Clause 131--This clause provides in section 13(2) that a lot owner may, in response to a notice inviting nominations for election of the committee, nominate only one individual (my highlighting). If the nominating owner is an individual, the individual nominated could be the owner themselves, another lot owner, or a member of the owner’s family or a person acting under a power of attorney given by the owner. If the owner is a corporation, the owner may nominate one individual who is a director, secretary or other nominee of the corporation. If the lot owner is a body corporate for a subsidiary scheme in a layered arrangement of community titles schemes, the owner may nominate a representative of the subsidiary scheme. This amendment, and the amendment in clause 128, limits the possibility of a committee being stacked by owners nominating multiple other people for election to the committee. The amendment does not restrict an owner from nominating the individual for more than one committee position."

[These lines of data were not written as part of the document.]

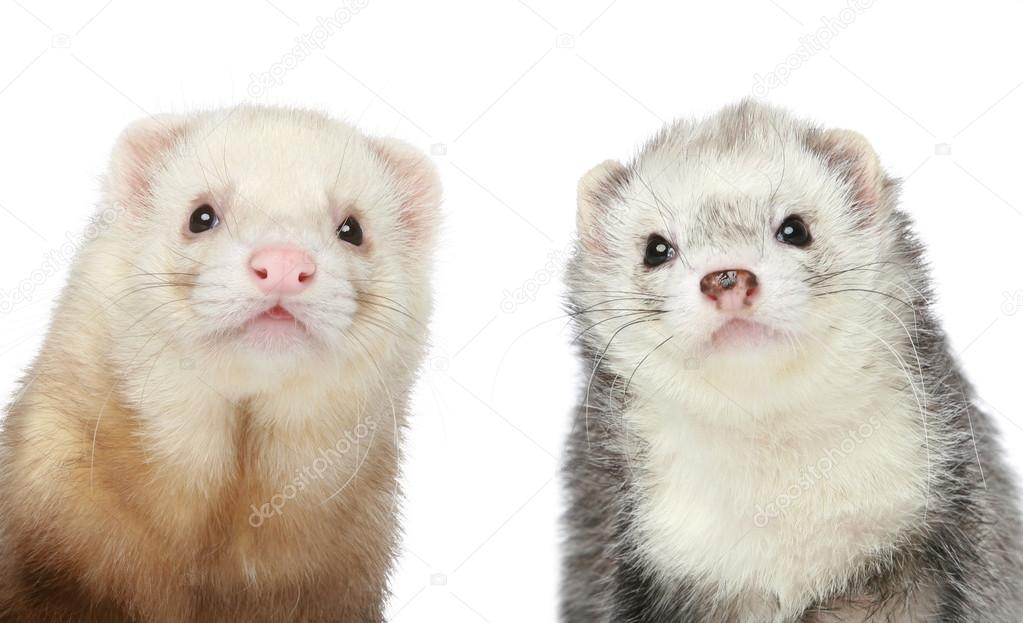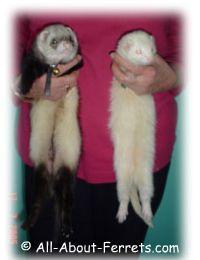The first image is the image on the left, the second image is the image on the right. Evaluate the accuracy of this statement regarding the images: "Two ferrets are standing.". Is it true? Answer yes or no. No. The first image is the image on the left, the second image is the image on the right. Given the left and right images, does the statement "The left image shows side-by-side ferrets standing on their own feet, and the right image shows a single forward-facing ferret." hold true? Answer yes or no. No. 
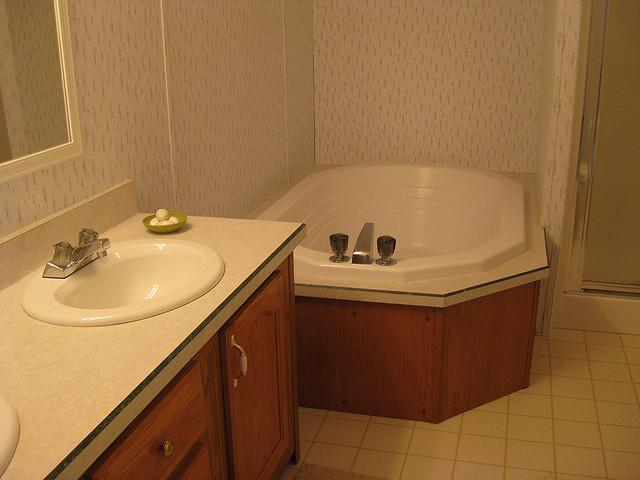What color is the sink and the bathtub?
Give a very brief answer. White. What color is the soap holder?
Give a very brief answer. Green. Are there any towels pictured?
Write a very short answer. No. What color are the bathroom tiles?
Give a very brief answer. White. Is this clean?
Keep it brief. Yes. What material are the cabinets made of?
Be succinct. Wood. 
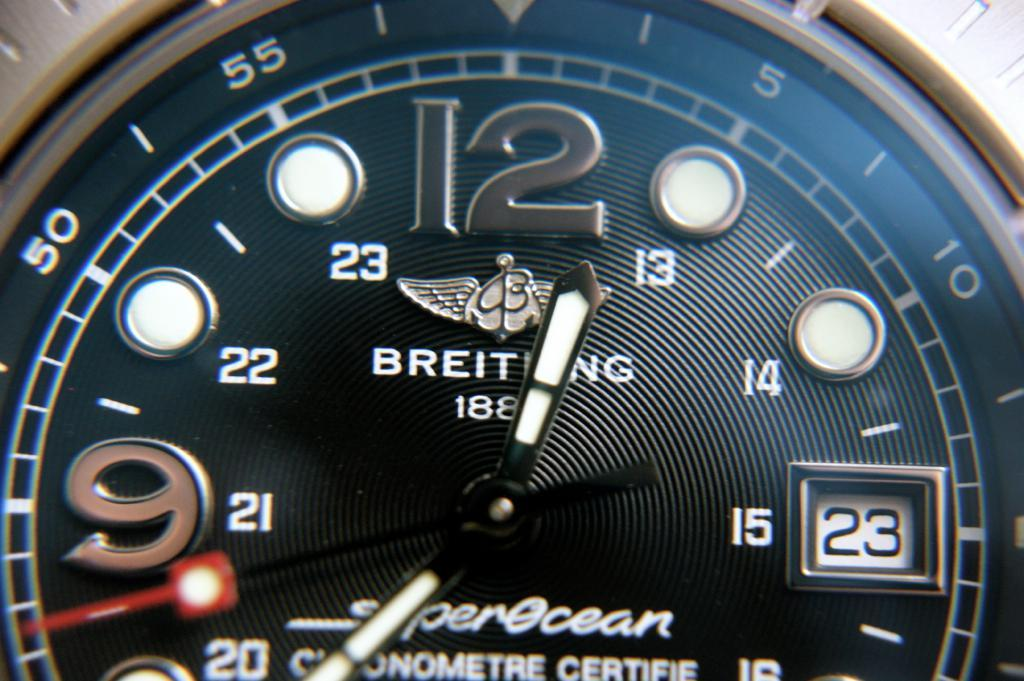<image>
Offer a succinct explanation of the picture presented. the number 12 is on the top of the watch 
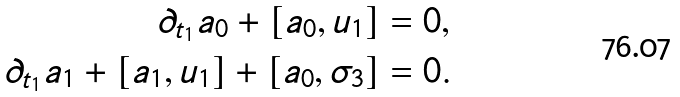<formula> <loc_0><loc_0><loc_500><loc_500>\partial _ { t _ { 1 } } a _ { 0 } + [ a _ { 0 } , u _ { 1 } ] & = 0 , \\ \partial _ { t _ { 1 } } a _ { 1 } + [ a _ { 1 } , u _ { 1 } ] + [ a _ { 0 } , \sigma _ { 3 } ] & = 0 .</formula> 
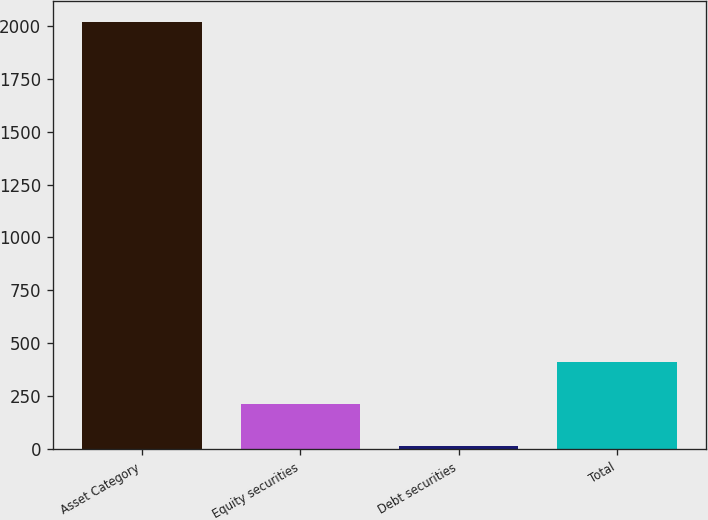<chart> <loc_0><loc_0><loc_500><loc_500><bar_chart><fcel>Asset Category<fcel>Equity securities<fcel>Debt securities<fcel>Total<nl><fcel>2016<fcel>214.58<fcel>14.42<fcel>414.74<nl></chart>

It is clear that the owners Taite, Harris, Grant and Maher nominated more than one individual for election to various positions on the committee in contravention of the amended section 13(2). Such a defect is a reasonable ground for invalidating a committee election. However, I will not make such an order for the following reasons:

1. The applicants did not seek this specific order.
2. Only lot owners, including Maureen Stockdale were nominated for election.
3. The nominations were received before the end of the financial year and were listed on ballot-papers which were included in the notice of the annual general meeting.
4. The minutes of the annual general meeting indicate that 20 of the 30 lots in the scheme participated in the election and that owners clearly voted in favour of the chosen candidates.

However, the body corporate should ensure that future committee elections are conducted in accordance with the amended provisions of the Standard Module.

Secondly, the body corporate decided at the annual general meeting to shred the ballot-papers. The body corporate cannot make this decision. Sections 148 and 149 of the Standard Module make provision for the keeping and disposal of body corporate records. Completed ballot-papers are "associated general meeting material" under section 148. Section 149(4) provides that this material may only be disposed of 2 years after their creation or receipt. Therefore, the practice of deciding to destroy the ballot-papers at or immediately after an annual general meeting must cease.

In relation to the returning officer, section 54 of the Standard Module provides for a person’s appointment and functions. While section 54(1) refers to a compulsory appointment where a motion is to be decided by secret ballot, section 54(2) provides for an appointment for any other general meeting. Therefore, the body corporate can appoint a person as a returning officer, otherwise then for a motion requiring a secret ballot. There is no indication that the person appointed for the annual general meeting is not eligible under section 54(4).